▶ Instructions for the task
Across the data below, state how many lines hold "callback", and reply with nothing but that number.

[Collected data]
====

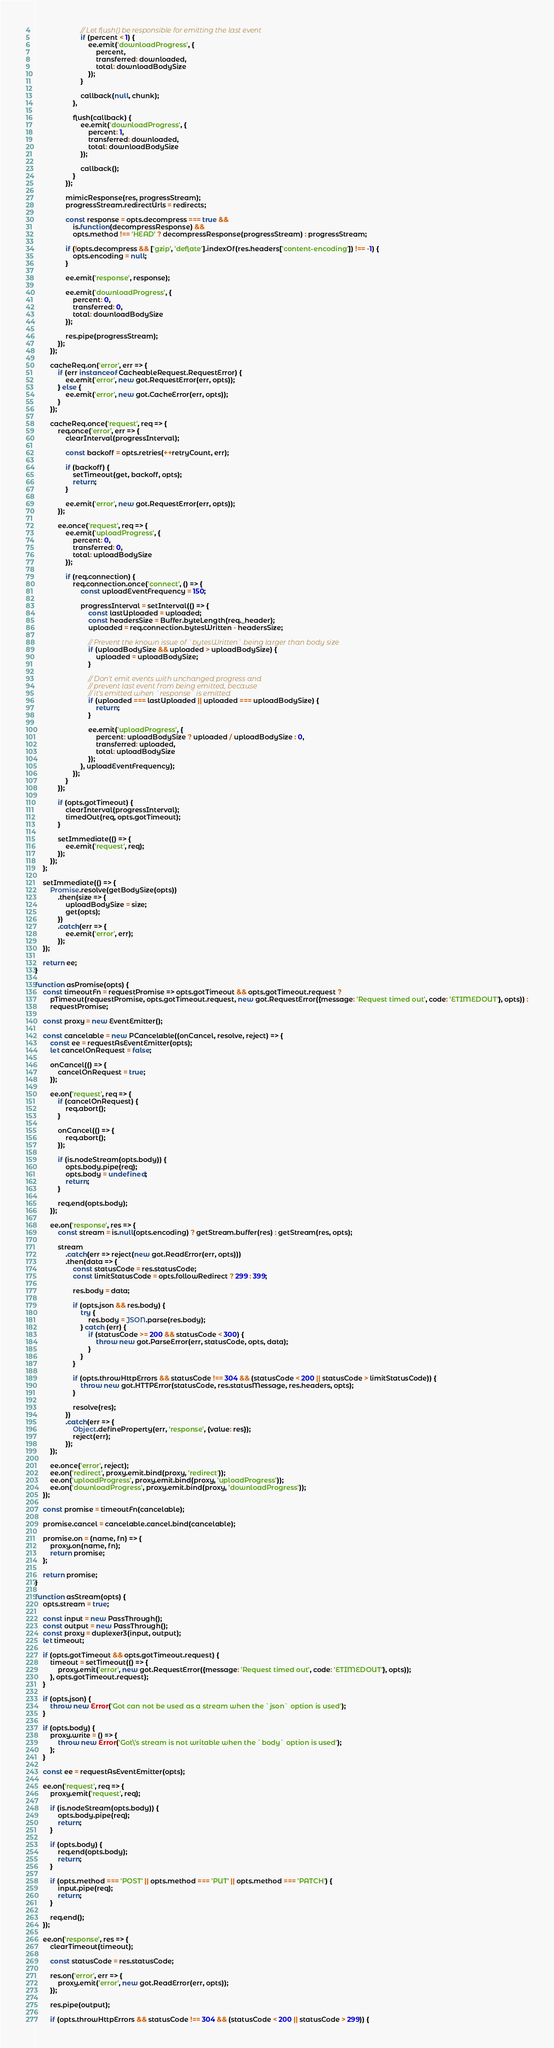Convert code to text. <code><loc_0><loc_0><loc_500><loc_500><_JavaScript_>						// Let flush() be responsible for emitting the last event
						if (percent < 1) {
							ee.emit('downloadProgress', {
								percent,
								transferred: downloaded,
								total: downloadBodySize
							});
						}

						callback(null, chunk);
					},

					flush(callback) {
						ee.emit('downloadProgress', {
							percent: 1,
							transferred: downloaded,
							total: downloadBodySize
						});

						callback();
					}
				});

				mimicResponse(res, progressStream);
				progressStream.redirectUrls = redirects;

				const response = opts.decompress === true &&
					is.function(decompressResponse) &&
					opts.method !== 'HEAD' ? decompressResponse(progressStream) : progressStream;

				if (!opts.decompress && ['gzip', 'deflate'].indexOf(res.headers['content-encoding']) !== -1) {
					opts.encoding = null;
				}

				ee.emit('response', response);

				ee.emit('downloadProgress', {
					percent: 0,
					transferred: 0,
					total: downloadBodySize
				});

				res.pipe(progressStream);
			});
		});

		cacheReq.on('error', err => {
			if (err instanceof CacheableRequest.RequestError) {
				ee.emit('error', new got.RequestError(err, opts));
			} else {
				ee.emit('error', new got.CacheError(err, opts));
			}
		});

		cacheReq.once('request', req => {
			req.once('error', err => {
				clearInterval(progressInterval);

				const backoff = opts.retries(++retryCount, err);

				if (backoff) {
					setTimeout(get, backoff, opts);
					return;
				}

				ee.emit('error', new got.RequestError(err, opts));
			});

			ee.once('request', req => {
				ee.emit('uploadProgress', {
					percent: 0,
					transferred: 0,
					total: uploadBodySize
				});

				if (req.connection) {
					req.connection.once('connect', () => {
						const uploadEventFrequency = 150;

						progressInterval = setInterval(() => {
							const lastUploaded = uploaded;
							const headersSize = Buffer.byteLength(req._header);
							uploaded = req.connection.bytesWritten - headersSize;

							// Prevent the known issue of `bytesWritten` being larger than body size
							if (uploadBodySize && uploaded > uploadBodySize) {
								uploaded = uploadBodySize;
							}

							// Don't emit events with unchanged progress and
							// prevent last event from being emitted, because
							// it's emitted when `response` is emitted
							if (uploaded === lastUploaded || uploaded === uploadBodySize) {
								return;
							}

							ee.emit('uploadProgress', {
								percent: uploadBodySize ? uploaded / uploadBodySize : 0,
								transferred: uploaded,
								total: uploadBodySize
							});
						}, uploadEventFrequency);
					});
				}
			});

			if (opts.gotTimeout) {
				clearInterval(progressInterval);
				timedOut(req, opts.gotTimeout);
			}

			setImmediate(() => {
				ee.emit('request', req);
			});
		});
	};

	setImmediate(() => {
		Promise.resolve(getBodySize(opts))
			.then(size => {
				uploadBodySize = size;
				get(opts);
			})
			.catch(err => {
				ee.emit('error', err);
			});
	});

	return ee;
}

function asPromise(opts) {
	const timeoutFn = requestPromise => opts.gotTimeout && opts.gotTimeout.request ?
		pTimeout(requestPromise, opts.gotTimeout.request, new got.RequestError({message: 'Request timed out', code: 'ETIMEDOUT'}, opts)) :
		requestPromise;

	const proxy = new EventEmitter();

	const cancelable = new PCancelable((onCancel, resolve, reject) => {
		const ee = requestAsEventEmitter(opts);
		let cancelOnRequest = false;

		onCancel(() => {
			cancelOnRequest = true;
		});

		ee.on('request', req => {
			if (cancelOnRequest) {
				req.abort();
			}

			onCancel(() => {
				req.abort();
			});

			if (is.nodeStream(opts.body)) {
				opts.body.pipe(req);
				opts.body = undefined;
				return;
			}

			req.end(opts.body);
		});

		ee.on('response', res => {
			const stream = is.null(opts.encoding) ? getStream.buffer(res) : getStream(res, opts);

			stream
				.catch(err => reject(new got.ReadError(err, opts)))
				.then(data => {
					const statusCode = res.statusCode;
					const limitStatusCode = opts.followRedirect ? 299 : 399;

					res.body = data;

					if (opts.json && res.body) {
						try {
							res.body = JSON.parse(res.body);
						} catch (err) {
							if (statusCode >= 200 && statusCode < 300) {
								throw new got.ParseError(err, statusCode, opts, data);
							}
						}
					}

					if (opts.throwHttpErrors && statusCode !== 304 && (statusCode < 200 || statusCode > limitStatusCode)) {
						throw new got.HTTPError(statusCode, res.statusMessage, res.headers, opts);
					}

					resolve(res);
				})
				.catch(err => {
					Object.defineProperty(err, 'response', {value: res});
					reject(err);
				});
		});

		ee.once('error', reject);
		ee.on('redirect', proxy.emit.bind(proxy, 'redirect'));
		ee.on('uploadProgress', proxy.emit.bind(proxy, 'uploadProgress'));
		ee.on('downloadProgress', proxy.emit.bind(proxy, 'downloadProgress'));
	});

	const promise = timeoutFn(cancelable);

	promise.cancel = cancelable.cancel.bind(cancelable);

	promise.on = (name, fn) => {
		proxy.on(name, fn);
		return promise;
	};

	return promise;
}

function asStream(opts) {
	opts.stream = true;

	const input = new PassThrough();
	const output = new PassThrough();
	const proxy = duplexer3(input, output);
	let timeout;

	if (opts.gotTimeout && opts.gotTimeout.request) {
		timeout = setTimeout(() => {
			proxy.emit('error', new got.RequestError({message: 'Request timed out', code: 'ETIMEDOUT'}, opts));
		}, opts.gotTimeout.request);
	}

	if (opts.json) {
		throw new Error('Got can not be used as a stream when the `json` option is used');
	}

	if (opts.body) {
		proxy.write = () => {
			throw new Error('Got\'s stream is not writable when the `body` option is used');
		};
	}

	const ee = requestAsEventEmitter(opts);

	ee.on('request', req => {
		proxy.emit('request', req);

		if (is.nodeStream(opts.body)) {
			opts.body.pipe(req);
			return;
		}

		if (opts.body) {
			req.end(opts.body);
			return;
		}

		if (opts.method === 'POST' || opts.method === 'PUT' || opts.method === 'PATCH') {
			input.pipe(req);
			return;
		}

		req.end();
	});

	ee.on('response', res => {
		clearTimeout(timeout);

		const statusCode = res.statusCode;

		res.on('error', err => {
			proxy.emit('error', new got.ReadError(err, opts));
		});

		res.pipe(output);

		if (opts.throwHttpErrors && statusCode !== 304 && (statusCode < 200 || statusCode > 299)) {</code> 
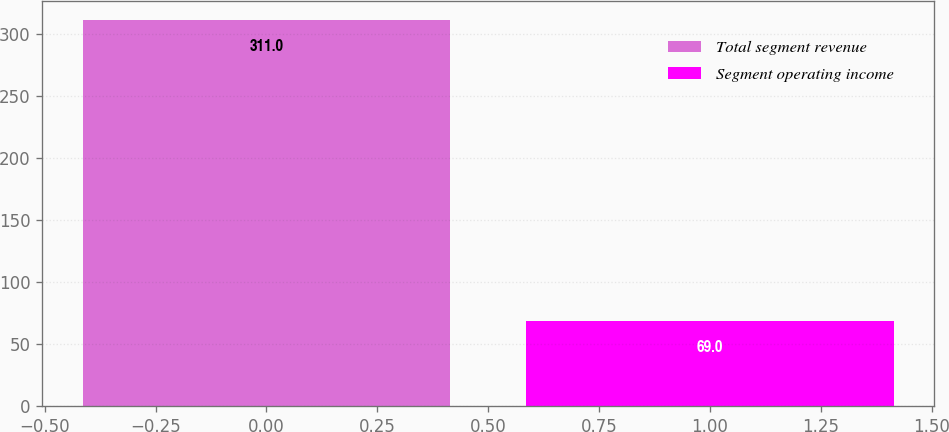Convert chart to OTSL. <chart><loc_0><loc_0><loc_500><loc_500><bar_chart><fcel>Total segment revenue<fcel>Segment operating income<nl><fcel>311<fcel>69<nl></chart> 
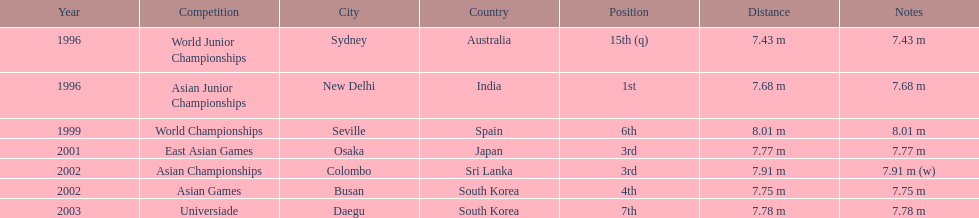How many total competitions were in south korea? 2. 
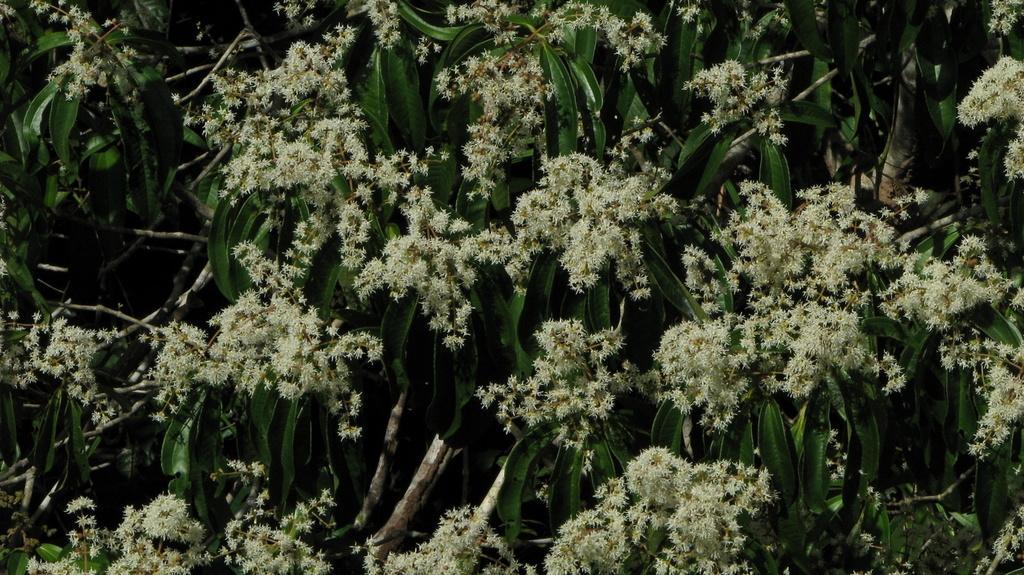Can you describe this image briefly? In this image I can see few trees which are green in color and to it I can see few flowers which are cream in color. 
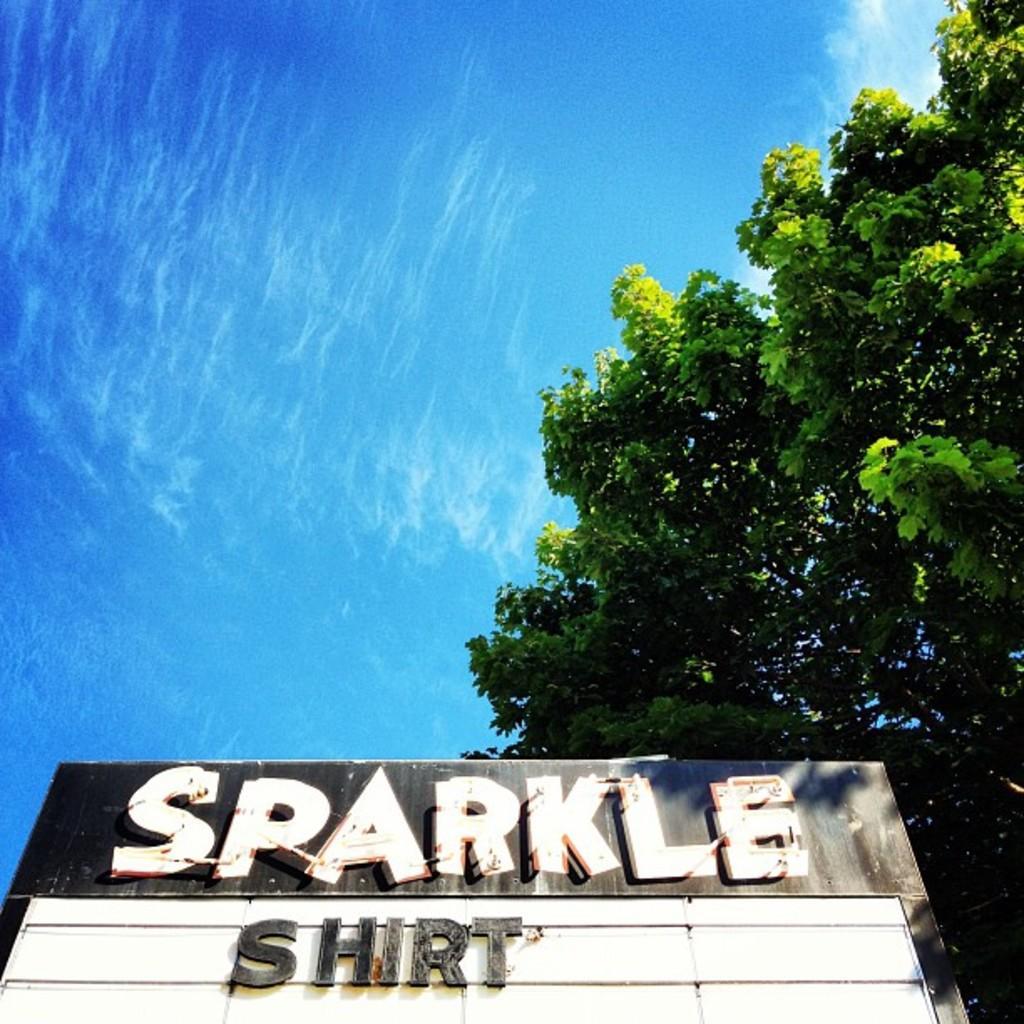Could you give a brief overview of what you see in this image? In this image I can see the board in black and white color. In the background I can see few trees in green color and the sky is in blue and white color.

====

▶ Reply
3